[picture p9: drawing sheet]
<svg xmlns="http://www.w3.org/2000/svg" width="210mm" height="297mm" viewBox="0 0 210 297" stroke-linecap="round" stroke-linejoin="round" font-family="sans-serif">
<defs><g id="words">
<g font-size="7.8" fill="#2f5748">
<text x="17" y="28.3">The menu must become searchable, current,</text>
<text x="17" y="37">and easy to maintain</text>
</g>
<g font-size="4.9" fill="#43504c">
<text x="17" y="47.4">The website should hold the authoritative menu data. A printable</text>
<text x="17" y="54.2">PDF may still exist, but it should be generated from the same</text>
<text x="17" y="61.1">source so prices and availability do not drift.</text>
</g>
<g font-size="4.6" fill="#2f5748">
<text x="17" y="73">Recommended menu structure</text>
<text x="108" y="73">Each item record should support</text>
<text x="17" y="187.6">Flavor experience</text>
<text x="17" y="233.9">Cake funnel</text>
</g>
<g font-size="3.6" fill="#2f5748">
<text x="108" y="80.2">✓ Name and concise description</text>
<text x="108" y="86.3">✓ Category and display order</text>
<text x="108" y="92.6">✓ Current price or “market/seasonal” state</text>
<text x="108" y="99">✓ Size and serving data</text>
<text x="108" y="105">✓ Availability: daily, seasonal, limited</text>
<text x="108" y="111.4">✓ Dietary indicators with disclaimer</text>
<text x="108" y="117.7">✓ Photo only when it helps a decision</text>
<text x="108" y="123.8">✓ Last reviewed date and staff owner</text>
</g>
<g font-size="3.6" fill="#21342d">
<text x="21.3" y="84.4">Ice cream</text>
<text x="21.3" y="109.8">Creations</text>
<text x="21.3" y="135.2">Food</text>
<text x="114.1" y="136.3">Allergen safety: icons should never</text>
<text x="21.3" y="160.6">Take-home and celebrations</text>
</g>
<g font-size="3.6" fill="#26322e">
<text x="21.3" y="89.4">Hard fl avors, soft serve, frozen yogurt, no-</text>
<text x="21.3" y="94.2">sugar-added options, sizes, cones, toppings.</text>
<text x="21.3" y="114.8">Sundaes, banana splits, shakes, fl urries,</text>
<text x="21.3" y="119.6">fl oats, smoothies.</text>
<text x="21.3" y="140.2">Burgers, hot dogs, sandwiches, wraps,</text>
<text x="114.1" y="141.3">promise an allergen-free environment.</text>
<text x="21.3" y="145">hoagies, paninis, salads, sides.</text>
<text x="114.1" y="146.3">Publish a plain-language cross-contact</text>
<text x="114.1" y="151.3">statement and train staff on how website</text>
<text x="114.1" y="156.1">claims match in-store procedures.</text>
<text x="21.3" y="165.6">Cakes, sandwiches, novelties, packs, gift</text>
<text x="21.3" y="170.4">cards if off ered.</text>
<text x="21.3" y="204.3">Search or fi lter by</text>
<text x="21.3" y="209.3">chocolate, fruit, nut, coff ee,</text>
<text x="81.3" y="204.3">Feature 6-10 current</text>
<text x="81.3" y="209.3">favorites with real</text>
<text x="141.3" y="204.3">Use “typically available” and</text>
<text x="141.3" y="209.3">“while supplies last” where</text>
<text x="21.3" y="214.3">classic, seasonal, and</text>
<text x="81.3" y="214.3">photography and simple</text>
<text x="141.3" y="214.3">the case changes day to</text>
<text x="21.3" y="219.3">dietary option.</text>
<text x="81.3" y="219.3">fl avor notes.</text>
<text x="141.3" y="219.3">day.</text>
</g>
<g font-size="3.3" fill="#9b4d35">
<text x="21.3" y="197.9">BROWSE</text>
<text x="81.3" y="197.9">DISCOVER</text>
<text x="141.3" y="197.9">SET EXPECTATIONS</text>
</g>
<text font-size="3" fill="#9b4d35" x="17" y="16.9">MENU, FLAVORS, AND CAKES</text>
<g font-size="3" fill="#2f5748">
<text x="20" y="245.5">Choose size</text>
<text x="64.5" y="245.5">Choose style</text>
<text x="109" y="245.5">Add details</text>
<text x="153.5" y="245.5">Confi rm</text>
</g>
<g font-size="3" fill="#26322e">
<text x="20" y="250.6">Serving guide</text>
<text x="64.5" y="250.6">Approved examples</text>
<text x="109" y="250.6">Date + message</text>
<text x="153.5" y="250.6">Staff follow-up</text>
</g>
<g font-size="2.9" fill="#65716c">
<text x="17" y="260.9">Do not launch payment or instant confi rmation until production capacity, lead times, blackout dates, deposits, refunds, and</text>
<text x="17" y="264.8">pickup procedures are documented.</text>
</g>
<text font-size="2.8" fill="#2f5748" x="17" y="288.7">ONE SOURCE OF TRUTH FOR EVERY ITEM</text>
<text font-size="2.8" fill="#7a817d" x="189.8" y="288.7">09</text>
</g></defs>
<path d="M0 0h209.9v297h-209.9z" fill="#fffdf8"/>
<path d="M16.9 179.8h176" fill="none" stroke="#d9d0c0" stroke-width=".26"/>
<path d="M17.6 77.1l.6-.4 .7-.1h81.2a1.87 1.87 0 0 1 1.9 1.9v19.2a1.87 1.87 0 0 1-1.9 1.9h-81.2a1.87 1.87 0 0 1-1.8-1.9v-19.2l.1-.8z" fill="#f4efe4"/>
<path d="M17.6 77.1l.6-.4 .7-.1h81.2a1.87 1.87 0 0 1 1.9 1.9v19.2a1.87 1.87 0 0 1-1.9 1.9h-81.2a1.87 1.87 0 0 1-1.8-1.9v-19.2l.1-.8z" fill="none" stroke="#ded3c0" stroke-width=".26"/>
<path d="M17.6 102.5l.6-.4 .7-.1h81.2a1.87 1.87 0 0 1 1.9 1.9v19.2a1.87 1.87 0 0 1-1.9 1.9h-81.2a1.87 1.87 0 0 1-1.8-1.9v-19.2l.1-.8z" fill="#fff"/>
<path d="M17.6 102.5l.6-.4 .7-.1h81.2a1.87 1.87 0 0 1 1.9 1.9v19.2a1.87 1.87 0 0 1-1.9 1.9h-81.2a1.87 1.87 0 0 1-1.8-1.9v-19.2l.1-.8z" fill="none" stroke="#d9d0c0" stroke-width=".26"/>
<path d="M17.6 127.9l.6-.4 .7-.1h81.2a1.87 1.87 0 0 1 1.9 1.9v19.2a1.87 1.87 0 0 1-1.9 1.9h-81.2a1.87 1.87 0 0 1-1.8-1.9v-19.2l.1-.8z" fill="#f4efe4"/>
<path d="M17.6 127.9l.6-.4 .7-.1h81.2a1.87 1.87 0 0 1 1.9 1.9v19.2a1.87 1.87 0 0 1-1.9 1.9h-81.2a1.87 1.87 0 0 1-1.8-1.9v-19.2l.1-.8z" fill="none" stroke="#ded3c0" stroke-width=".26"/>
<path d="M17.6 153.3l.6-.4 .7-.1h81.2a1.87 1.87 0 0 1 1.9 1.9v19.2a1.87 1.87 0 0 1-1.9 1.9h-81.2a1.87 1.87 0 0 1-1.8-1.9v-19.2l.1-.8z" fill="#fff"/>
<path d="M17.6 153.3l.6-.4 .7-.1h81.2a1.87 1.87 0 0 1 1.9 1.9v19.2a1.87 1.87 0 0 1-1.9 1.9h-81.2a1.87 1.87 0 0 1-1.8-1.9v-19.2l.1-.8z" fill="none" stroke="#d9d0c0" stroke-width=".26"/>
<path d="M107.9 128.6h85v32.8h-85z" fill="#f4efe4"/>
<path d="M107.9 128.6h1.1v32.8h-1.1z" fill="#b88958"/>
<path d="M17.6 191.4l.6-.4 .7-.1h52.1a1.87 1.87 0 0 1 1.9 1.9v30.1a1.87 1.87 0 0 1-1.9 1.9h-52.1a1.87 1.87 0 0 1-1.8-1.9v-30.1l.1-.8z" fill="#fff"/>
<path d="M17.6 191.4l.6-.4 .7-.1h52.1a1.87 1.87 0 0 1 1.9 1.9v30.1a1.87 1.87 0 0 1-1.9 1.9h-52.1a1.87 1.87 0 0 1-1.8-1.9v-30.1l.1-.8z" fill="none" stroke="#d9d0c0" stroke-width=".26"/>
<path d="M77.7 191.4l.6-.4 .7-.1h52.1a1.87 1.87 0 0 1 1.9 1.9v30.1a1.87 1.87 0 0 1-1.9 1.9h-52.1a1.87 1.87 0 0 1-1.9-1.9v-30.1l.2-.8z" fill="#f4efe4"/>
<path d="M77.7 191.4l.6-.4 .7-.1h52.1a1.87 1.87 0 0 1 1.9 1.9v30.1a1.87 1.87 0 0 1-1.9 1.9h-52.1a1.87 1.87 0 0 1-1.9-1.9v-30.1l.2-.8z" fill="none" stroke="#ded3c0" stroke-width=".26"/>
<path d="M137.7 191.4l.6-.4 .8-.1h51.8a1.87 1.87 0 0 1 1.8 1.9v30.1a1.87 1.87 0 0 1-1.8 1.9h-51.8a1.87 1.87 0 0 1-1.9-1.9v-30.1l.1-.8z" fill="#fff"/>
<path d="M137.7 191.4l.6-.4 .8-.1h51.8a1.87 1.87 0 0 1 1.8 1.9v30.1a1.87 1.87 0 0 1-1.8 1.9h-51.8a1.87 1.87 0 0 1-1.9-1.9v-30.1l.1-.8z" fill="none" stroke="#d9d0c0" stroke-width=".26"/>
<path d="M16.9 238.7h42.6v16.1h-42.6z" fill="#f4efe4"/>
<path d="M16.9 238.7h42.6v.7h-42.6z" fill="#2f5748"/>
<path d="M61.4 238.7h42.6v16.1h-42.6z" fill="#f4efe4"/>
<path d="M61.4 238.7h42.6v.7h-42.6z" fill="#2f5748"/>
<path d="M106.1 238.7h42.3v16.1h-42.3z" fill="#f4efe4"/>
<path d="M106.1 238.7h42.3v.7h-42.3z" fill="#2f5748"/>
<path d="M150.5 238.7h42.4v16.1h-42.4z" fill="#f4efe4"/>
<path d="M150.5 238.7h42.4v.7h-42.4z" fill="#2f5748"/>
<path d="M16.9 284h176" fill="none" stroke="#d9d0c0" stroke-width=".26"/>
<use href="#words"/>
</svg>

---

- _What this task involves_
Each line of the entries above that contains "data" must be copied into the answer.

- _Response to the task_
<text x="17" y="47.4">The website should hold the authoritative menu data. A printable</text>
<text x="108" y="99">✓ Size and serving data</text>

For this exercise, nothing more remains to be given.